In this fellowship, we showed that by simply increasing mitochondria fission in the DVC we cause insulin resistance, hyperphagia, and body weight gain while inhibition of mitochondria fission on the DVC of high-fat diet-fed, insulin resistant, rats protects from developing insulin resistance, decreases body weight and food intake. This data makes mitochondria fission and the protein that regulates it (DRP1) a potential target for restoring insulin sensitivity in obese and diabetic individuals.
With mitochondria fission, we also see an increase in the levels of a protein called inducible Nitric oxide synthase (iNOS). This is an enzyme that can regulate the activity of many different proteins and is involved in changes in insulin signalling. With this fellowship, we also discovered that by decreasing iNOS levels in high-fat diet-fed rats, we can prevent the development of insulin resistance, decrease body weight and food intake. This also makes iNOS a potential drug target to fight insulin resistance in obesity and diabetes.
We have a manuscript in preparation that contains the aforementioned results and that we hope to submit soon.
The DVC is an important brain centre that receives signals from the peripheral organs and relays these signal to higher areas of the brain. In addition, the DVC can also receive signals from other brain areas and relay them to the peripheral organs. Due to his nature, the DVC has a highly diversified group of neuronal cells. An important question that is still unanswered is which neuronal population in the DVC is involved in insulin sensing and regulates feeding behaviour. In the attempt to address this question we performed a histochemical characterization of the DVC neuronal populations. The data we obtained will be used in the future to target specific neuronal cell types in the DVC in order to understand their involvement in sensing insulin.
This work was presented in a series of scientific meetings:
Invited seminar and talks:
Mitochondria Form and Function, 14-15 September 2017, London, sponsored by the physiological society. I was part of the organization committee that selected the theme and the speakers and I also gave a talk: Filippi B.M.: Mitochondria fission in the dorsal vagal complex induces insulin resistance. Mitochondria: Form and Function meeting, 14 -15 September 2017, London, UK (Invited Speaker)
Filippi B.M.: Mitochondria fission in the dorsal vagal complex induces insulin resistance. Institute of Hepatology, 14 November 2017, London, UK) (Invited seminar)
Posters presentations:
Future Physiology, University of Leeds, LS2 9JT, Inhibition of Drp1 in the Dorsal Vagal Complex of the Brain Reduces Food Intake in Insulin Resistant Rats PC47 (Nov 17)

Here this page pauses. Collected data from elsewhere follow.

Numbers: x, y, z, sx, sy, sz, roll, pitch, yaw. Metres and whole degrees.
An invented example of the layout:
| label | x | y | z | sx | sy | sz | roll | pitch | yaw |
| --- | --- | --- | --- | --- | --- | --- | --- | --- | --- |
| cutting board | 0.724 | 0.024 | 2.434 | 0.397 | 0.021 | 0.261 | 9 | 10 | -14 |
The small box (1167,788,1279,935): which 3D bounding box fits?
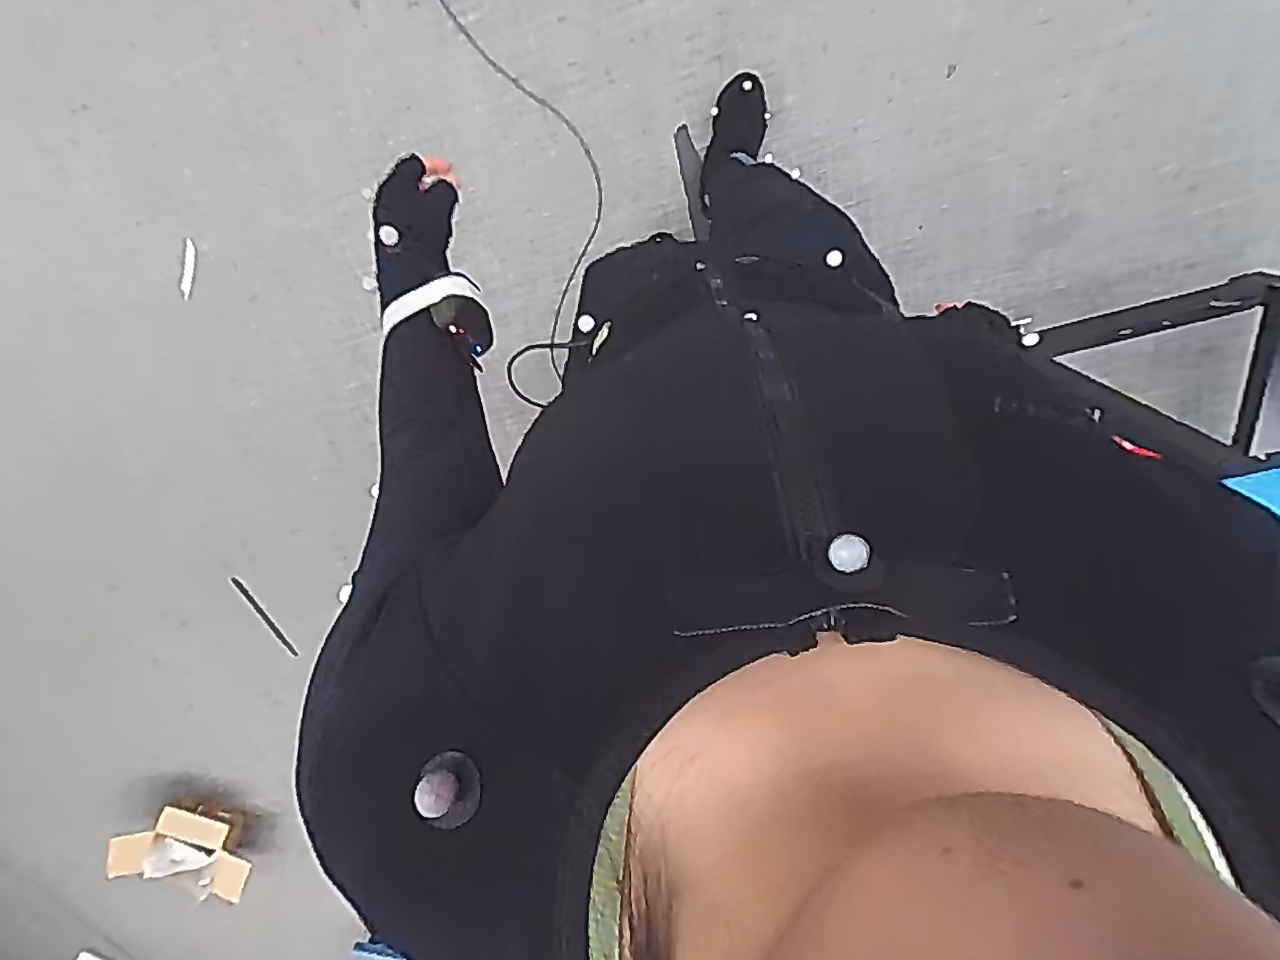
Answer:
| label | x | y | z | sx | sy | sz | roll | pitch | yaw |
| --- | --- | --- | --- | --- | --- | --- | --- | --- | --- |
| small box | 1.133 | 0.700 | 0.984 | 0.179 | 0.176 | 0.168 | -13 | 117 | 11 |
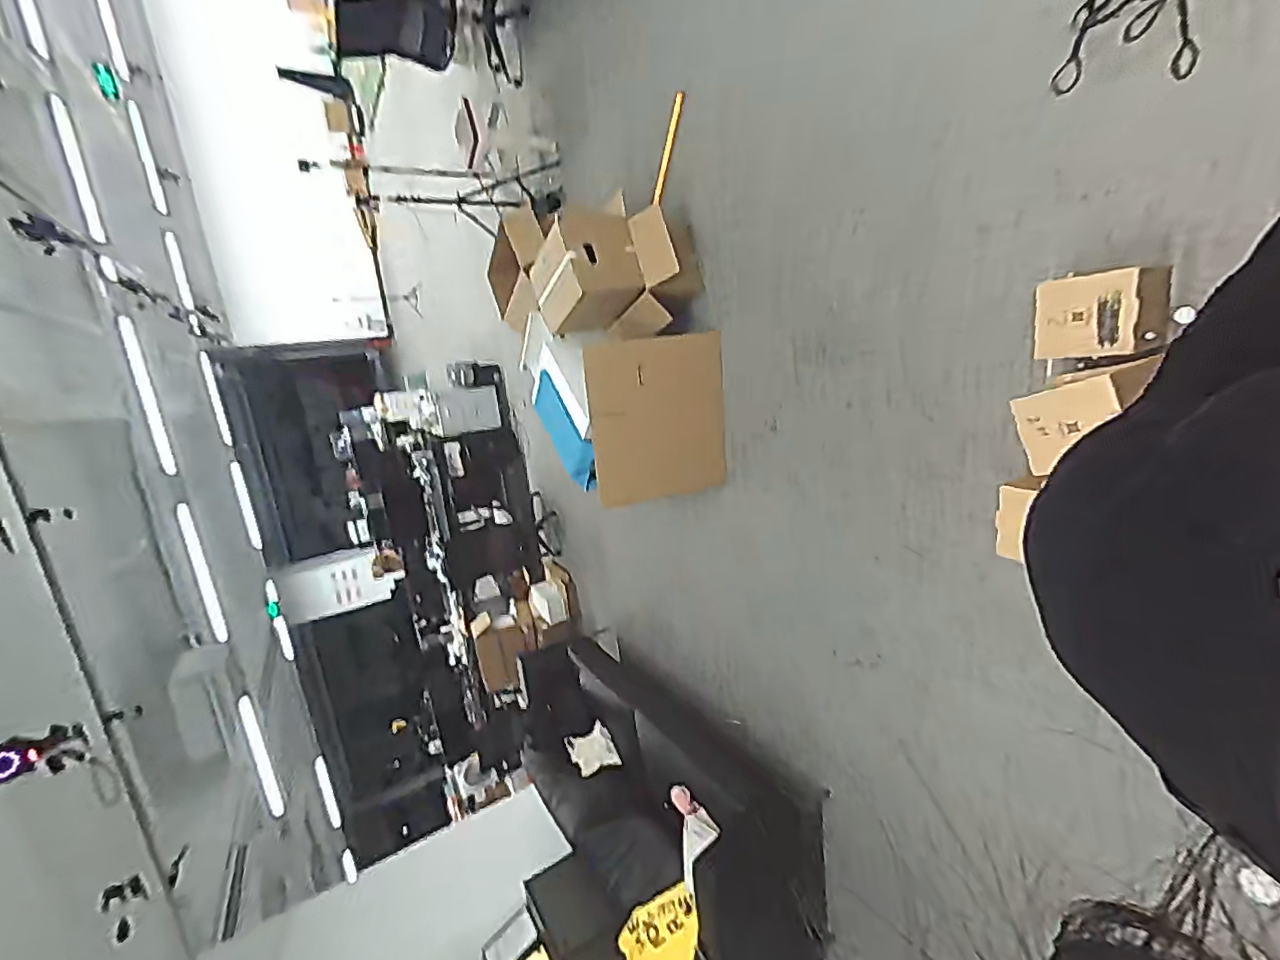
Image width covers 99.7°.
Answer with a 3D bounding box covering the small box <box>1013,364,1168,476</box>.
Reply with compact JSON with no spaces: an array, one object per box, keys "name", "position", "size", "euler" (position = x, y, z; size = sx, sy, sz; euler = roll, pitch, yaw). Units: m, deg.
[{"name":"small box","position":[0.896,-0.118,1.073],"size":[0.179,0.176,0.168],"euler":[-21,85,62]}]
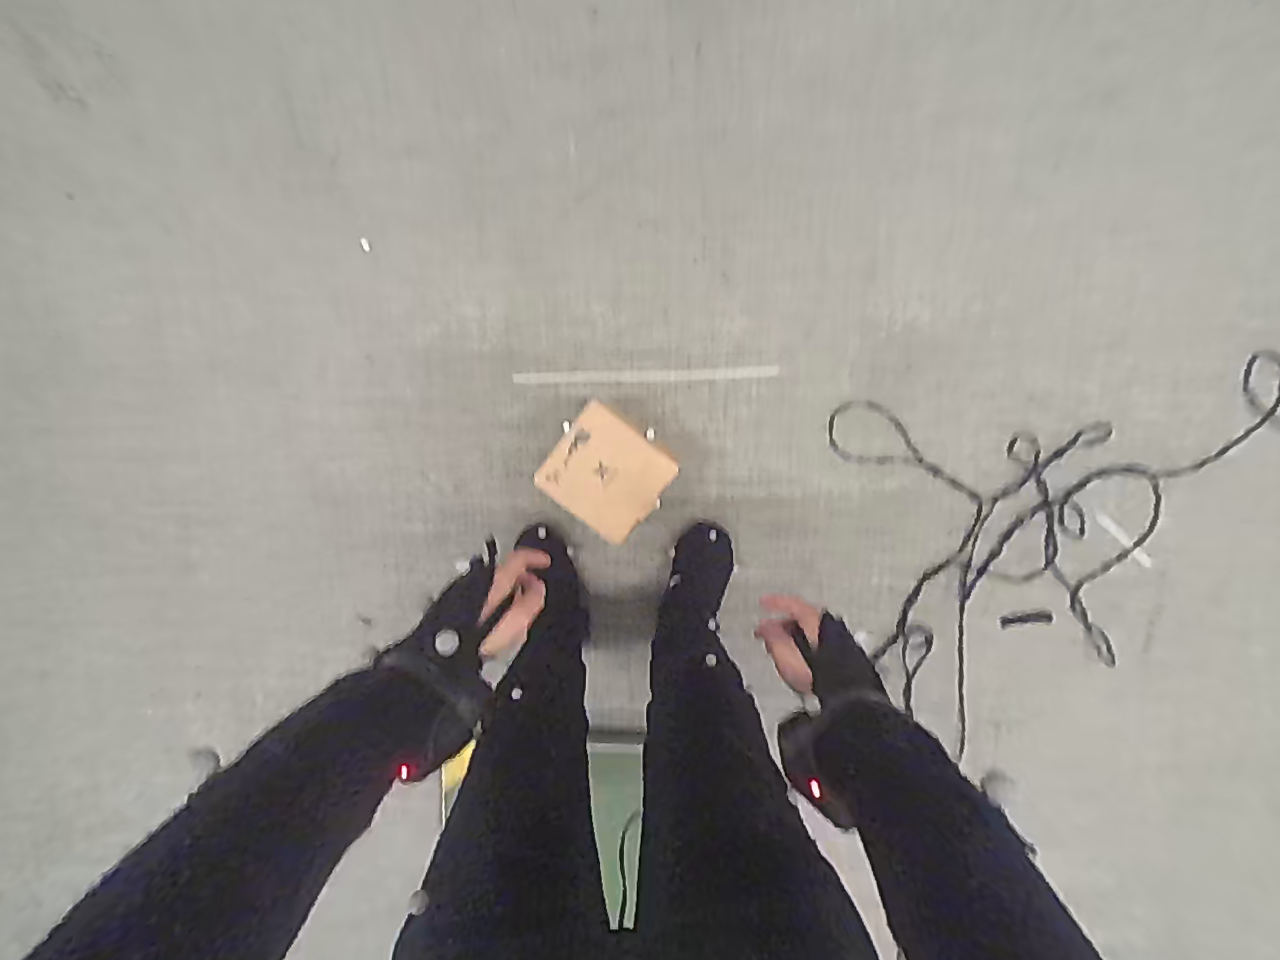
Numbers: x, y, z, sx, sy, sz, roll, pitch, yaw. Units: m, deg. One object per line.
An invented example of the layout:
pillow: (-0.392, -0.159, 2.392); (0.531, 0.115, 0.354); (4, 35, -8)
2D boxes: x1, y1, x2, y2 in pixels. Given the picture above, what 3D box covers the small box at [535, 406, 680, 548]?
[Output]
small box: (-0.047, -0.016, 0.932); (0.179, 0.176, 0.168); (38, 98, -2)
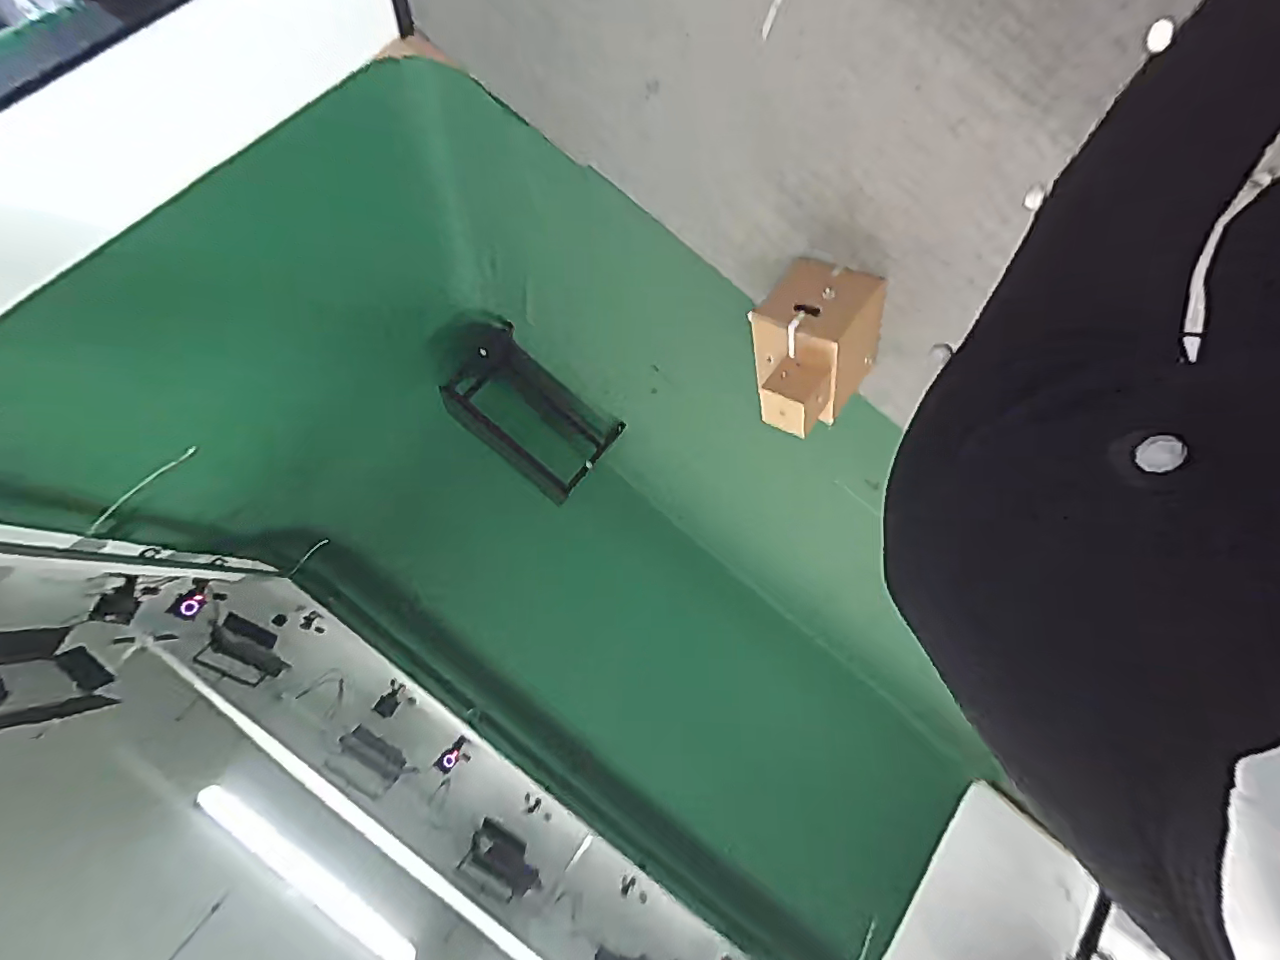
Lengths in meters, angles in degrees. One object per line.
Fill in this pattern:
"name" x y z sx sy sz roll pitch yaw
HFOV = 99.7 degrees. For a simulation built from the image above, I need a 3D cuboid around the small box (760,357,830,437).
"small box" 0.518 -0.280 1.806 0.168 0.176 0.179 30 161 29
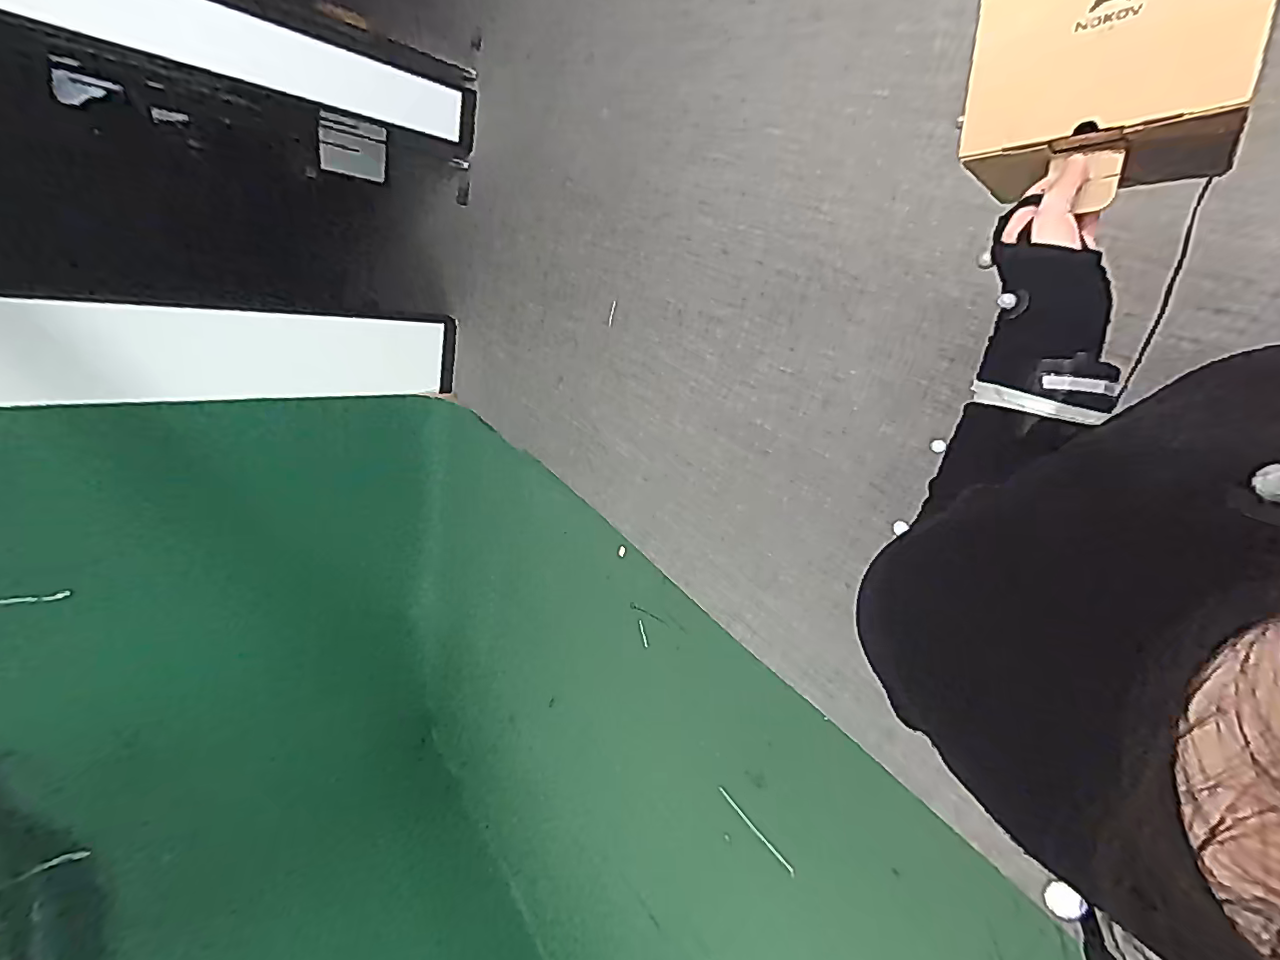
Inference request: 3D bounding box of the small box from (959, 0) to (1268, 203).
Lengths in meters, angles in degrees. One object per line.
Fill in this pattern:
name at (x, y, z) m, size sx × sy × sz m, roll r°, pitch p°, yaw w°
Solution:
small box at (0.385, -0.348, 0.440) m, size 0.168 × 0.176 × 0.179 m, roll 14°, pitch 109°, yaw 41°
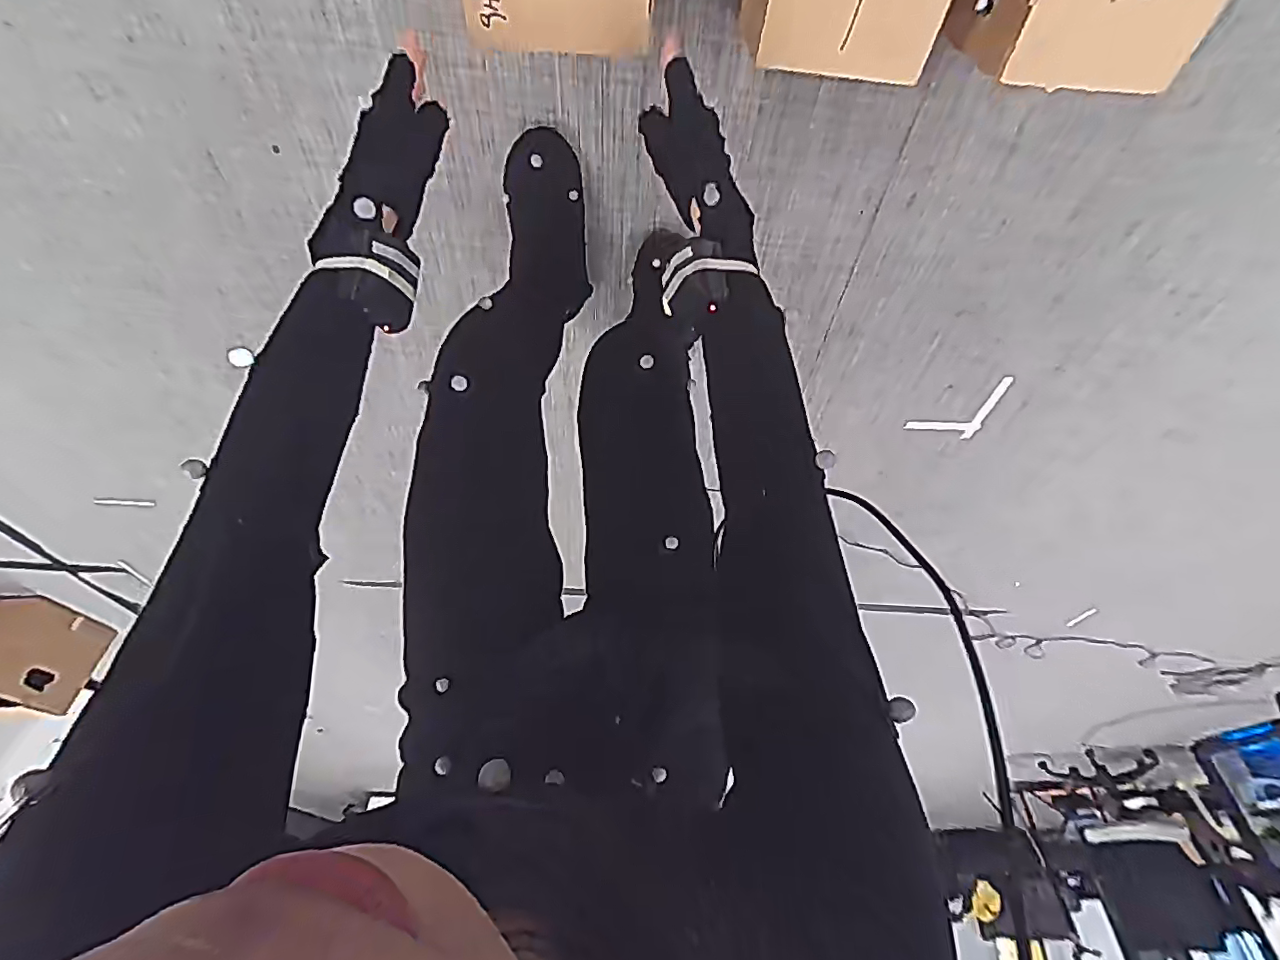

Mitochondrial Medicine, Wellcome Genome Campus, Hinxton,CB10 1SA: Inhibition of mitochondrial fission in the Dorsal Vagal Complex of the Brain prevents Hyperphagia in High Fat Diet Fed Rats P69 (May 18)
Europhysiology, QEII, London, SW1P 3EE: Inhibition of mitochondrial fission in the Dorsal Vagal Complex of the Brain prevents Hyperphagia in High Fat Diet Fed Rats PCA299 (Sep 18)
SFN, San Diego Convention Centre, San Diego, CA 92101: Inhibition of mitochondrial fission in the Dorsal Vagal Complex of the Brain prevents Hyperphagia in High Fat Diet Fed Rats XX3 (Nov 18)
Public engagement:
When we show our data to the public we create awareness about the danger of being overweight and having an unhealthy lifestyle and the negative effect that this has on the brain and consequently in the body. I presented these findings in public events:
- In the "Pint of Science" I interacted with an adult audience and talked about the brain and how it regulated metabolic functions. I disseminate awareness of the dangers of obesity and insulin resistance and how they can lead to the development of diabetes.
- In the be Curious (A day event at the University of Leeds open to children and families), we had a stall in which we interacted with the young generation and talked about sugars and how they are metabolised and how they can be dangerous.